Institute of Electrical and Electronics Engineers -IEEE-:
IEEE 19th International Conference on Bioinformatics and Bioengineering, BIBE 2019. Proceedings : 28-30 October 2019, Athens, Greece
Piscataway, NJ: IEEE, 2019
ISBN: 978-1-7281-4618-8
ISBN: 978-1-7281-4617-1
International Conference on Bioinformatics and Bioengineering (BIBE) <19, 2019, Athens>
Conference Paper
Fraunhofer FIT ()

The discovery of important biomarkers is a significant step towards understanding the molecular mechanisms of carcinogenesis; enabling accurate diagnosis for, and prognosis of, a certain cancer type. Before recommending any diagnosis, genomics data such as gene expressions (GE) and clinical outcomes need to be analyzed.
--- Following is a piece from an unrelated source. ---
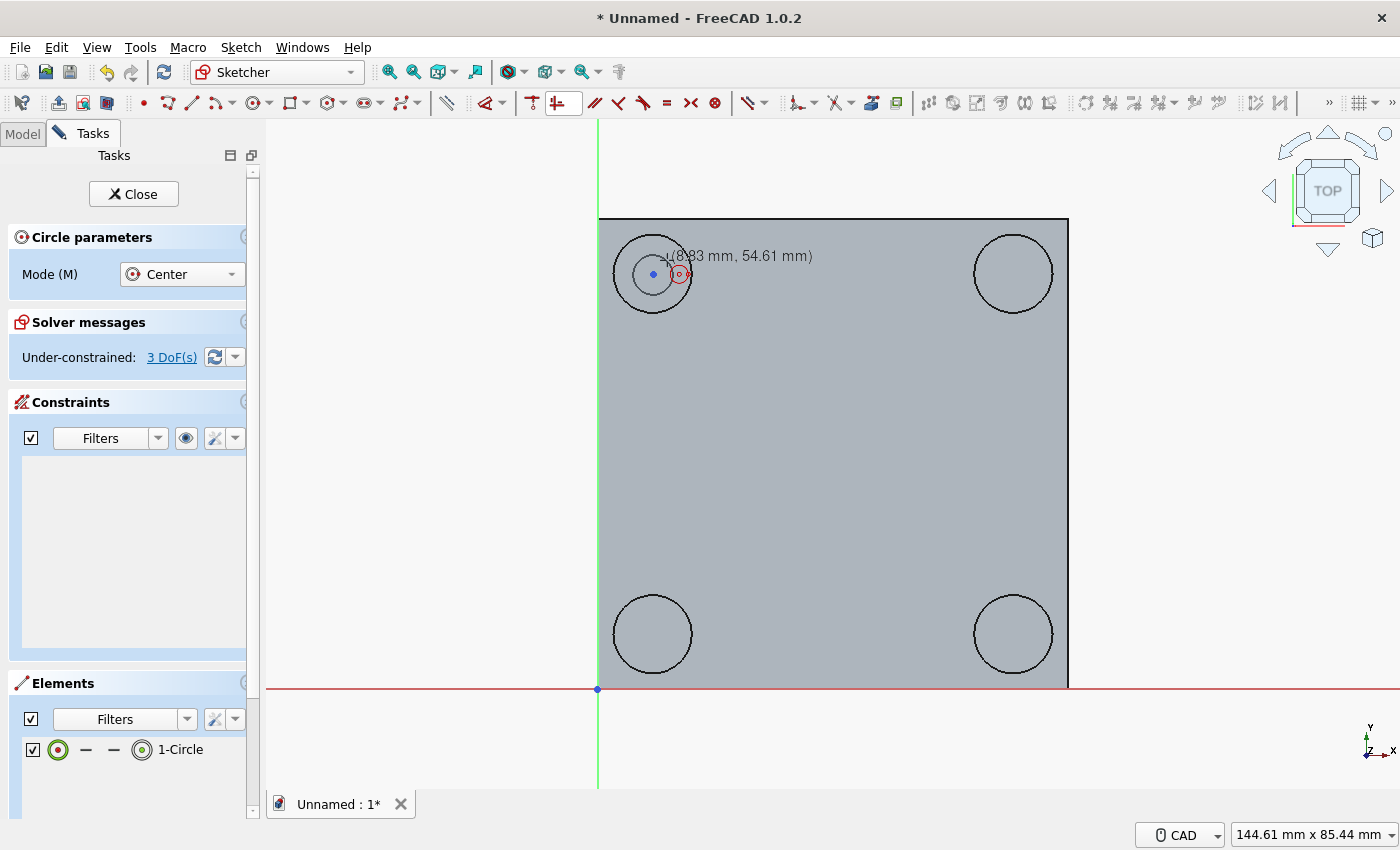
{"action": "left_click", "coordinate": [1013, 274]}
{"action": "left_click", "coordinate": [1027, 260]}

However, complex nature, high dimensionality, and heterogeneity in genomics data make the overall analysis challenging. Convolutional neural networks (CNN) have shown tremendous success in solving such problems. However, neural network models are perceived mostly as 'black box' methods because of their not well-understood internal functioning. However, interpretability is important to provide insights on why a given cancer case has a certain type. Besides, finding the most important biomarkers can help in recommending more accurate treatments and drug repositioning. Moreover, the 'right to explanation' of the EU GDPR gives patients the right to know why and how an algorithm made a diagnosis decision. Hence, in this paper, we propose a new approach called OncoNetExplainer to make explainable predictions of cancer types based on GE data. We used genomics data about 9,074 cancer patients covering 33 different cancer types from the Pan-Cancer Atlas on which we trained CNN and VGG16 networks using guided-gradient class activation maps++ (GradCAM++). Further, we generate class-specific heat maps to identify significant biomarkers and computed feature importance in terms of mean absolute impact to rank top genes across all the cancer types. Quantitative and qualitative analyses show that both models exhibit high confidence at predicting the cancer types correctly giving an average precision of 96.25%. To provide comparisons with the baselines, we identified top genes, and cancer-specific driver genes using gradient boosted trees and SHapley Additive exPlanations (SHAP). Finally, our findings were validated with the annotations provided by the TumorPortal.